**What this task involves**:
From the entries, filter out every line that lacks "font" and copy the rest.

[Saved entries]
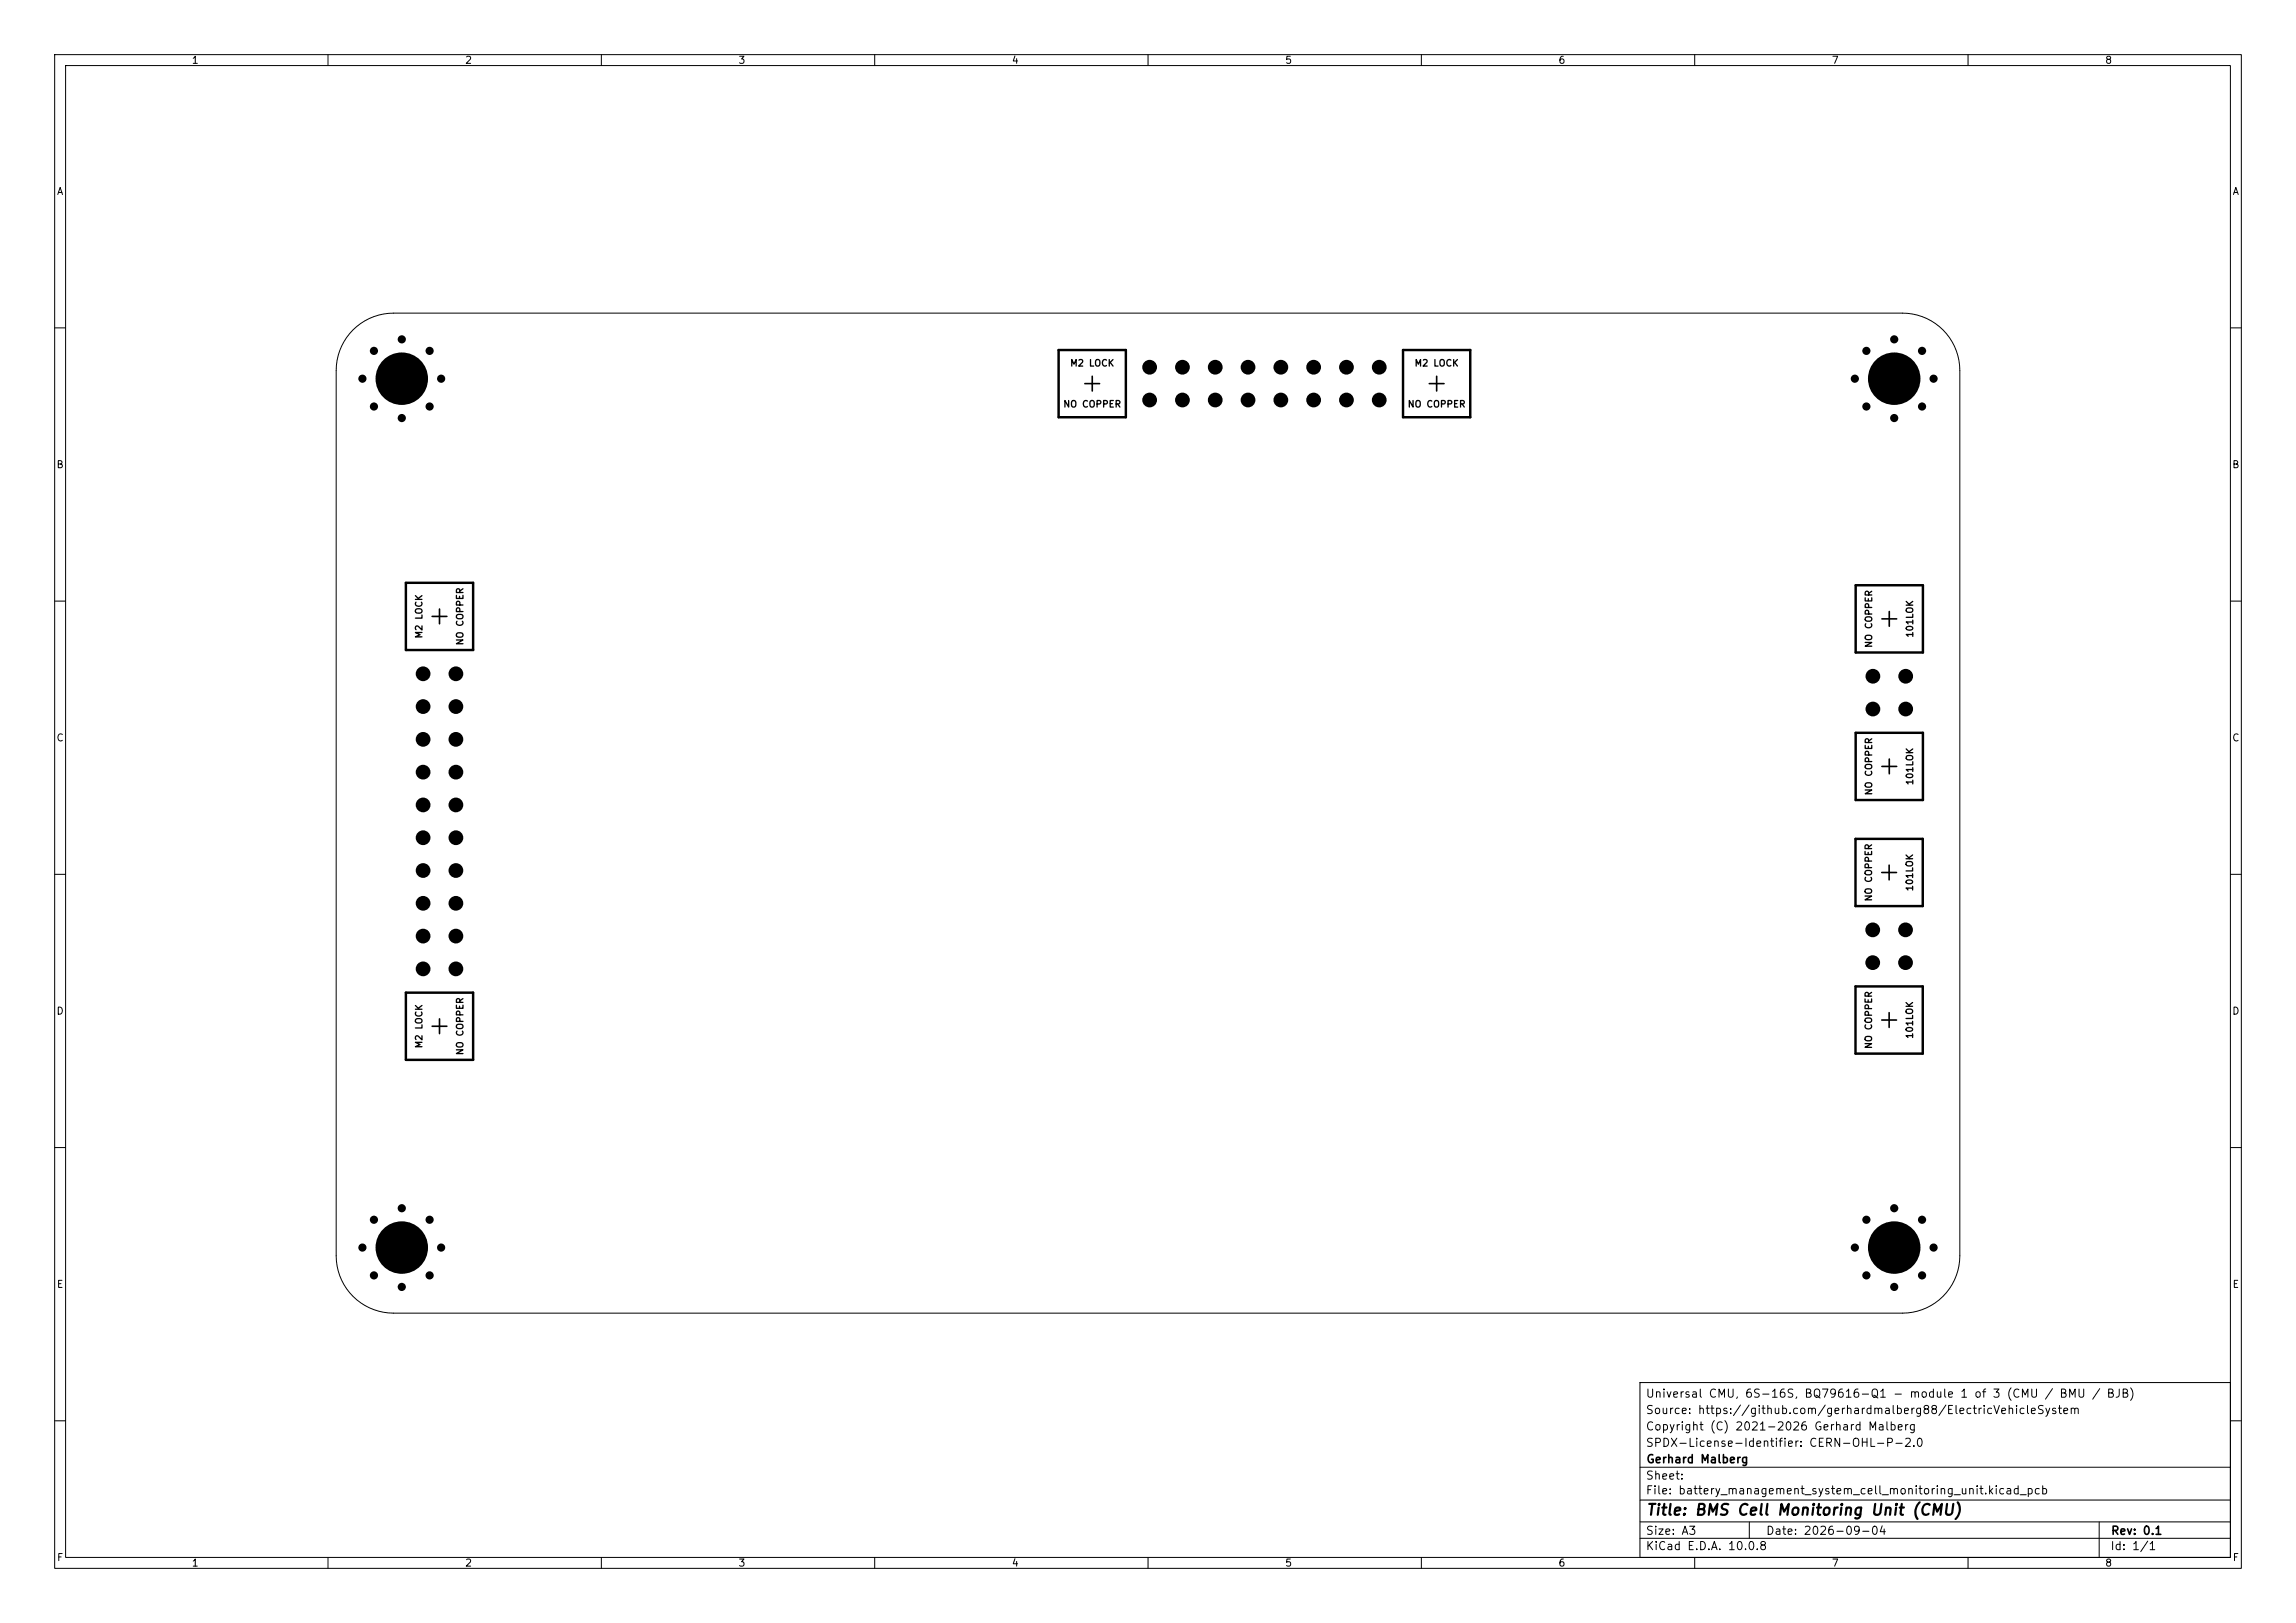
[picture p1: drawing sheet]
<svg xmlns="http://www.w3.org/2000/svg" width="420mm" height="297mm" viewBox="0 0 420 297" stroke-linecap="round" stroke-linejoin="round" font-family="sans-serif">
<defs><g id="words">
<text font-size="2" x="301" y="277.8">Title: BMS Cell Monitoring Unit (CMU)</text>
<g font-size="1.5">
<text x="300.9" y="256.1">Universal CMU, 6S-16S, BQ79616-Q1 - module 1 of 3 (CMU / BMU / BJB)</text>
<text x="300.9" y="262.1">Copyright (C) 2021-2026 Gerhard Malberg</text>
<text x="300.9" y="259.1">Source: https://github.com/gerhardmalberg88/ElectricVehicleSystem</text>
<text x="300.9" y="265.1">SPDX-License-Identifier: CERN-OHL-P-2.0</text>
<text x="301" y="268.1">Gerhard Malberg</text>
<text x="300.9" y="273.8">File: battery_management_system_cell_monitoring_unit.kicad_pcb</text>
<text x="300.9" y="271.1">Sheet:</text>
<text x="300.9" y="281.2">Size: A3</text>
<text x="322.9" y="281.2">Date: 2026-09-04</text>
<text x="386" y="281.2">Rev: 0.1</text>
<text x="300.9" y="284">KiCad E.D.A. 10.0.8</text>
<text x="385.9" y="284">Id: 1/1</text>
</g>
<g font-size="1.3">
<text x="35" y="12">1</text>
<text x="85" y="12">2</text>
<text x="135" y="12">3</text>
<text x="185" y="12">4</text>
<text x="235" y="12">5</text>
<text x="285" y="12">6</text>
<text x="335" y="12">7</text>
<text x="385" y="12">8</text>
<text x="10.3" y="36">A</text>
<text x="408.3" y="36">A</text>
<text x="10.2" y="86">B</text>
<text x="408.2" y="86">B</text>
<text x="10.2" y="136">C</text>
<text x="408.2" y="136">C</text>
<text x="10.2" y="186">D</text>
<text x="408.2" y="186">D</text>
<text x="10.3" y="236">E</text>
<text x="408.3" y="236">E</text>
<text x="10.3" y="286">F</text>
<text x="35" y="287">1</text>
<text x="85" y="287">2</text>
<text x="135" y="287">3</text>
<text x="185" y="287">4</text>
<text x="235" y="287">5</text>
<text x="285" y="287">6</text>
<text x="335" y="287">7</text>
<text x="385" y="287">8</text>
<text x="408.3" y="286">F</text>
</g>
<g font-size="1.2">
<text x="195.6" y="67.4">M2 LOCK</text>
<text x="258.6" y="67.4">M2 LOCK</text>
<text x="194.4" y="74.9">NO COPPER</text>
<text x="257.4" y="74.9">NO COPPER</text>
<text x="77.6" y="116.9" transform="rotate(-90 77.6 116.9)">M2 LOCK</text>
<text x="85.1" y="118.2" transform="rotate(-90 85.1 118.2)">NO COPPER</text>
<text x="342.8" y="118.7" transform="rotate(-90 342.8 118.7)">NO COPPER</text>
<text x="350.3" y="116.8" transform="rotate(-90 350.3 116.8)">101LOK</text>
<text x="350.3" y="143.8" transform="rotate(-90 350.3 143.8)">101LOK</text>
<text x="342.8" y="145.7" transform="rotate(-90 342.8 145.7)">NO COPPER</text>
<text x="342.7" y="165.1" transform="rotate(-90 342.7 165.1)">NO COPPER</text>
<text x="350.2" y="163.2" transform="rotate(-90 350.2 163.2)">101LOK</text>
<text x="77.6" y="191.9" transform="rotate(-90 77.6 191.9)">M2 LOCK</text>
<text x="350.2" y="190.2" transform="rotate(-90 350.2 190.2)">101LOK</text>
<text x="85.1" y="193.2" transform="rotate(-90 85.1 193.2)">NO COPPER</text>
<text x="342.7" y="192.1" transform="rotate(-90 342.7 192.1)">NO COPPER</text>
</g>
</g></defs>
<g fill="none" stroke="#000" stroke-width=".18">
<path d="M10 10h400v277h-400zM12 12h396v273h-396zM60 10v2M110 10v2M160 10v2M210 10v2M260 10v2M310 10v2M360 10v2M10 60h2M64.6 60.4a10.5 10.5 0 0 1 7.4-3.1h276a10.5 10.5 0 0 1 10.5 10.5v162a10.5 10.5 0 0 1-10.5 10.5h-276a10.5 10.5 0 0 1-10.5-10.5v-162a10.5 10.5 0 0 1 3.1-7.4zM408 60h2"/>
<path d="M10 110h2M408 110h2M10 160h2M408 160h2M10 210h2M408 210h2M300 253h108v32h-108zM10 260h2M300 278.5h108M300 274.5h108M300 268.5h108M320 278.5v3"/>
<path d="M384 278.5v6.5M408 260h2M60 285v2M110 285v2M160 285v2M210 285v2M260 285v2M300 281.5h108M310 285v2M360 285v2"/>
</g>
<path d="M193.6 64.1h12.3v12.3h-12.3zM256.6 64.1h12.3v12.3h-12.3zM74.2 106.7h12.3v12.3h-12.3zM339.4 107.1h12.3v12.3h-12.3zM339.4 134.1h12.3v12.3h-12.3zM339.4 153.5h12.3v12.3h-12.3zM74.2 181.7h12.3v12.3h-12.3zM339.4 180.5h12.3v12.3h-12.3z" fill="none" stroke="#000" stroke-width=".45"/>
<g fill="none" stroke="#000" stroke-width=".3">
<path d="M198.4 70.2h2.7M199.8 68.9v2.7M261.4 70.2h2.7M262.8 68.9v2.7M79 112.8h2.7M80.4 111.5v2.7M344.2 113.3h2.7M345.6 111.9v2.7M345.6 138.9v2.7M344.2 159.7h2.7M344.2 140.3h2.7M345.6 158.3v2.7"/>
<path d="M79 187.8h2.7M80.4 186.5v2.7M344.2 186.7h2.7M345.6 185.3v2.7"/>
</g>
<g fill="#000">
<circle cx="66.3" cy="69.3" r=".75"/>
<circle cx="68.4" cy="64.2" r=".75"/>
<circle cx="68.4" cy="74.4" r=".75"/>
<circle cx="73.5" cy="69.3" r="4.8"/>
<circle cx="73.5" cy="76.5" r=".75"/>
<circle cx="73.5" cy="62.1" r=".75"/>
<circle cx="78.6" cy="64.2" r=".75"/>
<circle cx="78.6" cy="74.4" r=".75"/>
<circle cx="80.7" cy="69.3" r=".75"/>
<circle cx="210.3" cy="67.2" r="1.35"/>
<circle cx="210.3" cy="73.2" r="1.35"/>
<circle cx="216.3" cy="67.2" r="1.35"/>
<circle cx="216.3" cy="73.2" r="1.35"/>
<circle cx="222.3" cy="67.2" r="1.35"/>
<circle cx="222.3" cy="73.2" r="1.35"/>
<circle cx="228.3" cy="67.2" r="1.35"/>
<circle cx="228.3" cy="73.2" r="1.35"/>
<circle cx="234.3" cy="67.2" r="1.35"/>
<circle cx="234.3" cy="73.2" r="1.35"/>
<circle cx="240.3" cy="67.2" r="1.35"/>
<circle cx="240.3" cy="73.2" r="1.35"/>
<circle cx="246.3" cy="67.2" r="1.35"/>
<circle cx="246.3" cy="73.2" r="1.35"/>
<circle cx="252.3" cy="67.2" r="1.35"/>
<circle cx="252.3" cy="73.2" r="1.35"/>
<circle cx="339.3" cy="69.3" r=".75"/>
<circle cx="341.4" cy="64.2" r=".75"/>
<circle cx="341.4" cy="74.4" r=".75"/>
<circle cx="346.5" cy="69.3" r="4.8"/>
<circle cx="346.5" cy="76.5" r=".75"/>
<circle cx="346.5" cy="62.1" r=".75"/>
<circle cx="351.6" cy="64.2" r=".75"/>
<circle cx="351.6" cy="74.4" r=".75"/>
<circle cx="353.7" cy="69.3" r=".75"/>
<circle cx="77.4" cy="135.3" r="1.35"/>
<circle cx="77.4" cy="123.3" r="1.35"/>
<circle cx="77.4" cy="129.3" r="1.35"/>
<circle cx="83.4" cy="135.3" r="1.35"/>
<circle cx="83.4" cy="123.3" r="1.35"/>
<circle cx="83.4" cy="129.3" r="1.35"/>
<circle cx="342.6" cy="129.8" r="1.35"/>
<circle cx="342.6" cy="123.8" r="1.35"/>
<circle cx="348.6" cy="129.8" r="1.35"/>
<circle cx="348.6" cy="123.8" r="1.35"/>
<circle cx="77.4" cy="147.3" r="1.35"/>
<circle cx="77.4" cy="159.3" r="1.35"/>
<circle cx="77.4" cy="153.3" r="1.35"/>
<circle cx="77.4" cy="141.3" r="1.35"/>
<circle cx="83.4" cy="153.3" r="1.35"/>
<circle cx="83.4" cy="159.3" r="1.35"/>
<circle cx="83.4" cy="147.3" r="1.35"/>
<circle cx="83.4" cy="141.3" r="1.35"/>
<circle cx="77.4" cy="165.3" r="1.35"/>
<circle cx="77.4" cy="171.3" r="1.35"/>
<circle cx="77.4" cy="177.3" r="1.35"/>
<circle cx="83.4" cy="165.3" r="1.35"/>
<circle cx="83.4" cy="171.3" r="1.35"/>
<circle cx="83.4" cy="177.3" r="1.35"/>
<circle cx="342.6" cy="170.2" r="1.35"/>
<circle cx="342.6" cy="176.2" r="1.35"/>
<circle cx="348.6" cy="176.2" r="1.35"/>
<circle cx="348.6" cy="170.2" r="1.35"/>
<circle cx="66.3" cy="228.3" r=".75"/>
<circle cx="68.4" cy="223.2" r=".75"/>
<circle cx="68.4" cy="233.4" r=".75"/>
<circle cx="73.5" cy="228.3" r="4.8"/>
<circle cx="73.5" cy="235.5" r=".75"/>
<circle cx="73.5" cy="221.1" r=".75"/>
<circle cx="78.6" cy="223.2" r=".75"/>
<circle cx="78.6" cy="233.4" r=".75"/>
<circle cx="80.7" cy="228.3" r=".75"/>
<circle cx="339.3" cy="228.3" r=".75"/>
<circle cx="341.4" cy="223.2" r=".75"/>
<circle cx="341.4" cy="233.4" r=".75"/>
<circle cx="346.5" cy="228.3" r="4.8"/>
<circle cx="346.5" cy="235.5" r=".75"/>
<circle cx="346.5" cy="221.1" r=".75"/>
<circle cx="351.6" cy="223.2" r=".75"/>
<circle cx="351.6" cy="233.4" r=".75"/>
<circle cx="353.7" cy="228.3" r=".75"/>
</g>
<use href="#words"/>
</svg>

**Solution to this exercise**:
<svg xmlns="http://www.w3.org/2000/svg" width="420mm" height="297mm" viewBox="0 0 420 297" stroke-linecap="round" stroke-linejoin="round" font-family="sans-serif">
<text font-size="2" x="301" y="277.8">Title: BMS Cell Monitoring Unit (CMU)</text>
<g font-size="1.5">
<g font-size="1.3">
<g font-size="1.2">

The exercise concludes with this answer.